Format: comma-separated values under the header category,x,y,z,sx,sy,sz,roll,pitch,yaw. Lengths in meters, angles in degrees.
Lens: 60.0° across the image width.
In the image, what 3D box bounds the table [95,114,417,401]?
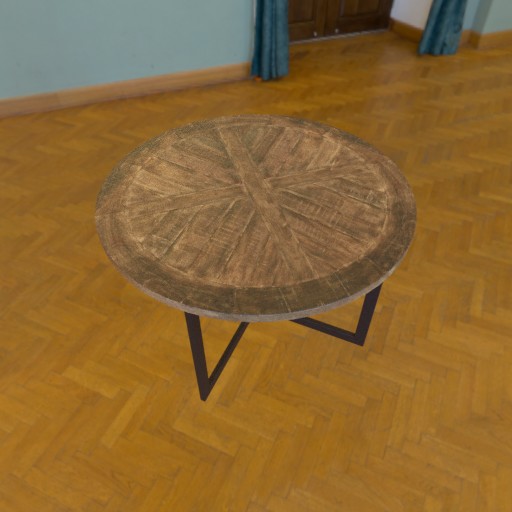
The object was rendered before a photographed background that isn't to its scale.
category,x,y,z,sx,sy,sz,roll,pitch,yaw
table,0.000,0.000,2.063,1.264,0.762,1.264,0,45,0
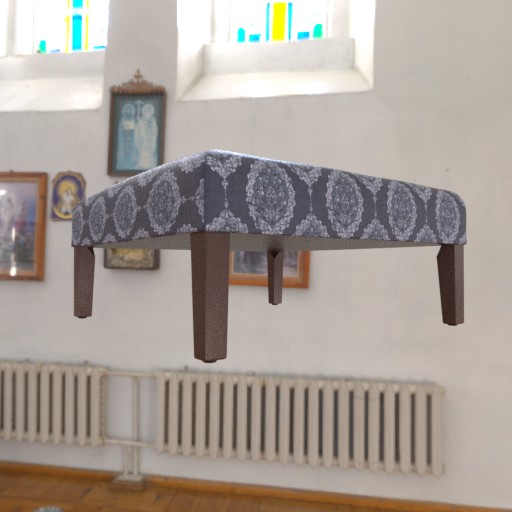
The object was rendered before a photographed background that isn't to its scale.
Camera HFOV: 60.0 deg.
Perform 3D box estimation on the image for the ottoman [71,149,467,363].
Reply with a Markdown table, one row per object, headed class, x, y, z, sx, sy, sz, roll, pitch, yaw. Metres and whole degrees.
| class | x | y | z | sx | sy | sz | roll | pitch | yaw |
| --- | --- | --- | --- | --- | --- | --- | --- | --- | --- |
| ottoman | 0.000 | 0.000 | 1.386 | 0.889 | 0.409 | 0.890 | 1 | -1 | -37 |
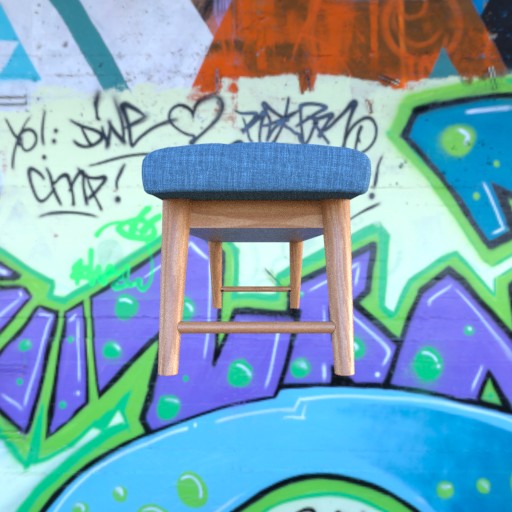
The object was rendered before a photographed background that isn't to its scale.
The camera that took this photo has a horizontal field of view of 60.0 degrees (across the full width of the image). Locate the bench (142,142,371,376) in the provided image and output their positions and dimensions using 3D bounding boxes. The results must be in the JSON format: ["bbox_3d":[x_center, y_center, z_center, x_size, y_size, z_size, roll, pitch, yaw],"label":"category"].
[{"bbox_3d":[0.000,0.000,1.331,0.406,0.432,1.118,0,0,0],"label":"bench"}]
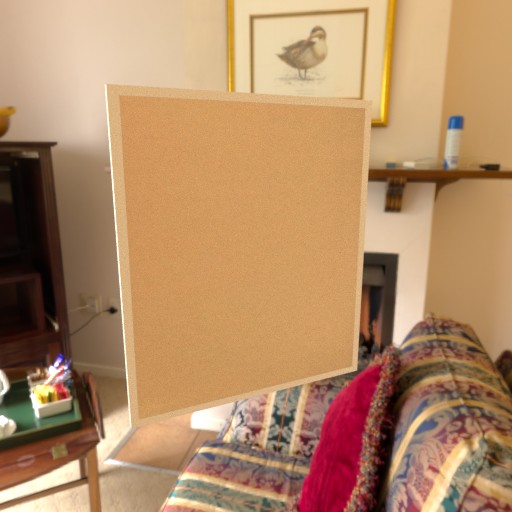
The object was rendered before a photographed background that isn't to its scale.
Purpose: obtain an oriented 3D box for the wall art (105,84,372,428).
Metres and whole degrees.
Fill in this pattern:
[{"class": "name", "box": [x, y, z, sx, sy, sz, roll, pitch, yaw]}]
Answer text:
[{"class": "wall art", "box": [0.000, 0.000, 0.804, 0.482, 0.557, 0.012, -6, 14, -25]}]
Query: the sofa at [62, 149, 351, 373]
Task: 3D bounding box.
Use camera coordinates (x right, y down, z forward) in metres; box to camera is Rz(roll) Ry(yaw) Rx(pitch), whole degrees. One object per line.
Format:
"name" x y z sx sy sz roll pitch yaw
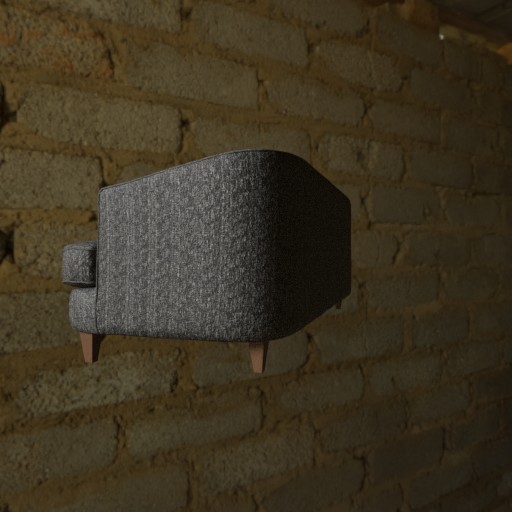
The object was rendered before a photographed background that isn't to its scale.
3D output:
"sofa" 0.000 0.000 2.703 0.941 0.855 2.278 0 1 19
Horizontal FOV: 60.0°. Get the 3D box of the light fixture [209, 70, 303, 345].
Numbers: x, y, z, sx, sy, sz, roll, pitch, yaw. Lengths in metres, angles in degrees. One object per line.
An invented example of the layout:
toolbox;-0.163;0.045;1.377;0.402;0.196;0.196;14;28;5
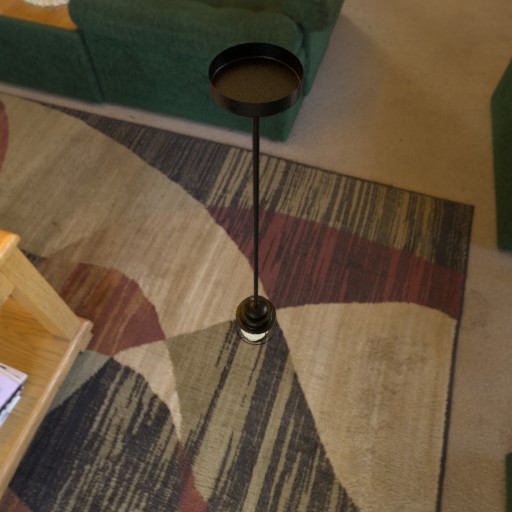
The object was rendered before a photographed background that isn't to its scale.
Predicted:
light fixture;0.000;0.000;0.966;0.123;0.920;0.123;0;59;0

————————

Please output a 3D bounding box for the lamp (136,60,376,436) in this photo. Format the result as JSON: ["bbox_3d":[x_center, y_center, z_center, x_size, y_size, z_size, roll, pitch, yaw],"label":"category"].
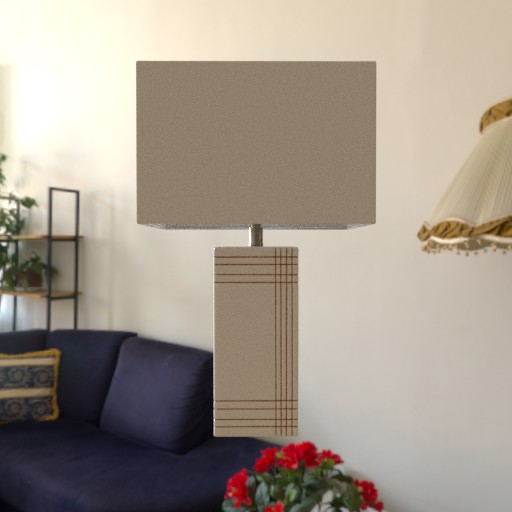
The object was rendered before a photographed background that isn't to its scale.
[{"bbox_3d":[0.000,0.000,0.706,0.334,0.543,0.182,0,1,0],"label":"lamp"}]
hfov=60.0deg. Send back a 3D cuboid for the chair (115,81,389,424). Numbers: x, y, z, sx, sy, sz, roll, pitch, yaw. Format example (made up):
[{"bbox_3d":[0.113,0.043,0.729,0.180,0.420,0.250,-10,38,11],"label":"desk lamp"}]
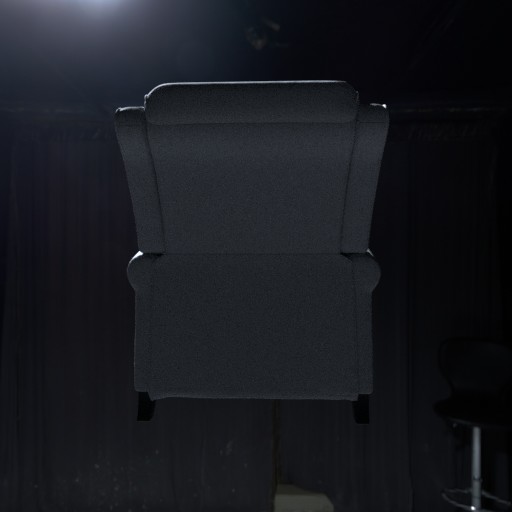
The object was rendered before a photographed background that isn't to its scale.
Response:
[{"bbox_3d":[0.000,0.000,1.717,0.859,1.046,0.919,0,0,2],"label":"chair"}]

————————

Exercise »
Beginning at the line above with "Format: comma-separated values" and finishing at the line with "In the image, what", return each line exactly and return nothing else.

Response »
Format: comma-separated values under the header category,x,y,z,sx,sy,sz,roll,pitch,yaw. Lengths in meters, angles in degrees.
Lens: 60.0° across the image width.
In the image, what 3D box bounds the table [95,114,417,401]?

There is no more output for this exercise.